Step 12 — Pilot-to-prod gateAgent launches with no on-call, no kill switch. Recoverable issues become incidents.
Step 13 — Production launchLaunch happens, nobody knows, no one is watching.
Step 14 — Continuous monitoringThe whole governance program reduces to paperwork.
Step 15 — Quarterly reviewDead agents pile up. Risk profile drifts. Vendor AI features go uncatalogued.
Step 16 — RetirementZombie agents. Credentials linger. Audit logs grow forever.

What this gives us

If Part A is done once and Part B is followed for every agent, every agent in the company will be:

  • Tracked — every one has a registry entry, an Agent Card, an owner.
  • Tiered — risk-classified, with proportionate review depth.
  • Owned — single named human owner with accountability.
  • Identified — unique IdP identity with least-privilege scoped credentials.
  • Reviewed — security and responsible-AI sign-off before any production launch.
  • Governed at runtime — three guardrail layers and five control mechanisms enforced in execution, not in PDFs.
  • Monitored continuously — five monitoring signals running live, not at quarterly audits.
  • Measurable — KPI defined at approval, ROI tracked quarterly, retirement criteria pre-agreed.
  • Reversible — kill switch, rotation, revocation, retirement procedure documented.

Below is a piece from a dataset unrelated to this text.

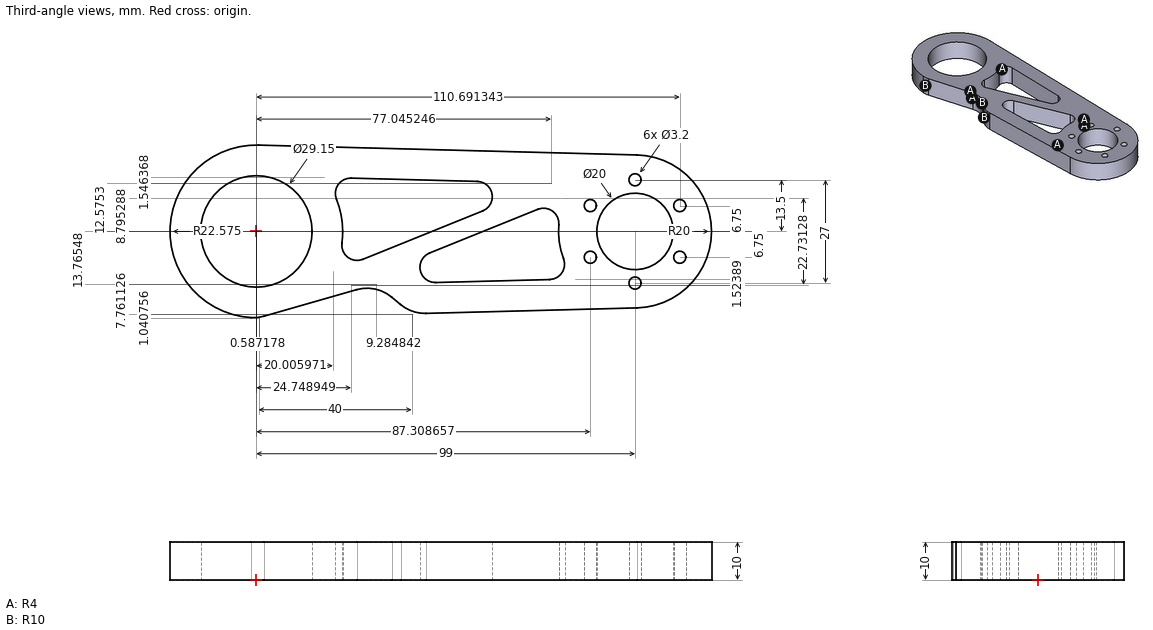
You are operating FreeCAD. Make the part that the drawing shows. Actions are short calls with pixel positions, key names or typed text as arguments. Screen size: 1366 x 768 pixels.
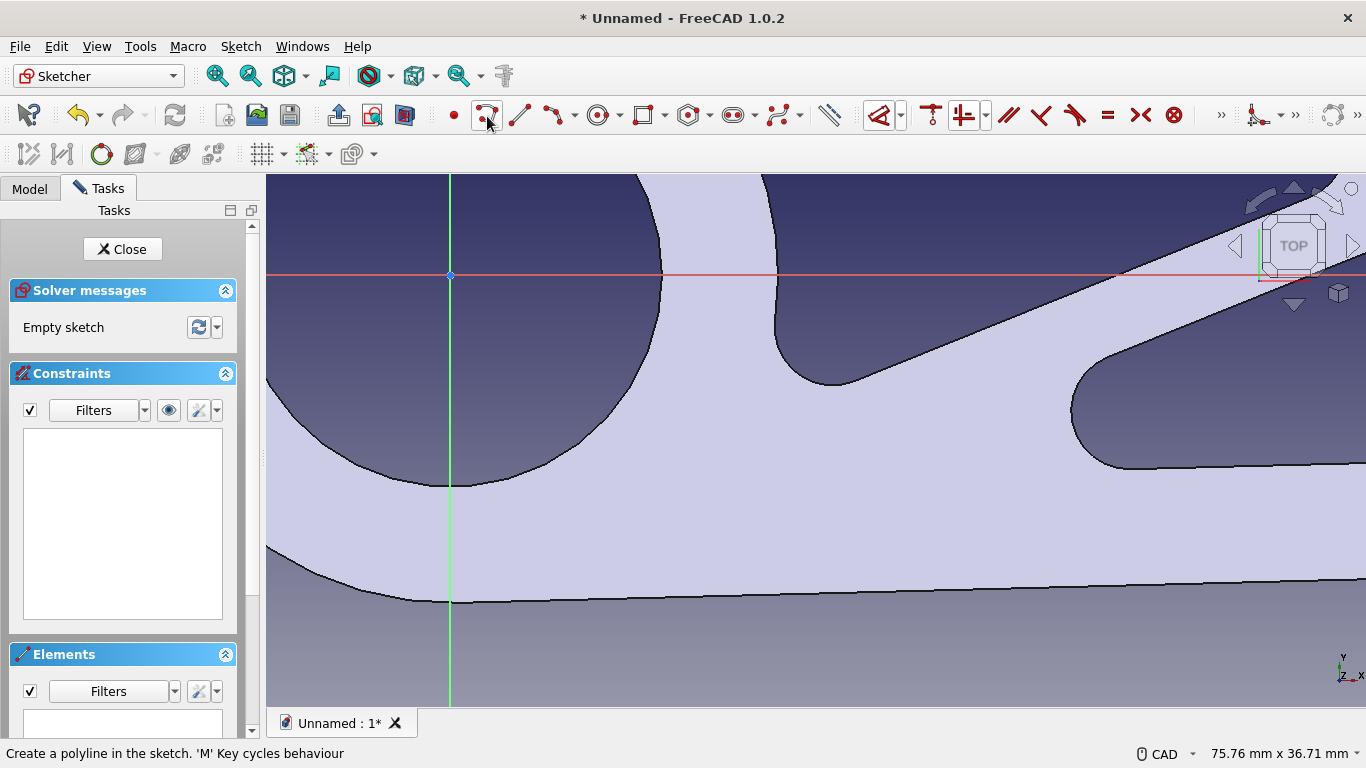
scroll(459, 603, up, 4)

That is the operational definition of "complies with the framework." If a request can't pass this workflow, it doesn't get built. If a built agent can't keep passing this workflow, it gets retired.


Open questions / what this workflow does not yet cover

Same set as framework.md §33 — items deliberately not pinned down in v1:

  • Multi-agent chains (one agent calling another). Treat each as a separate agent through Part B for now; a follow-on multi-agent workflow doc is needed.
  • Prompt change management (Dev/Test/Prod for prompts vs. code-review style PRs).
  • Cost-allocation models (showback / chargeback / central pool).
  • Citizen-developer self-service path — what does a "low-risk Step 9" look like when the Department Champion builds it themselves on a CoE-blessed blueprint?
  • Concrete templates: Agent Card, intake form, post-mortem, retirement checklist as separate files in this folder. Next deliverable.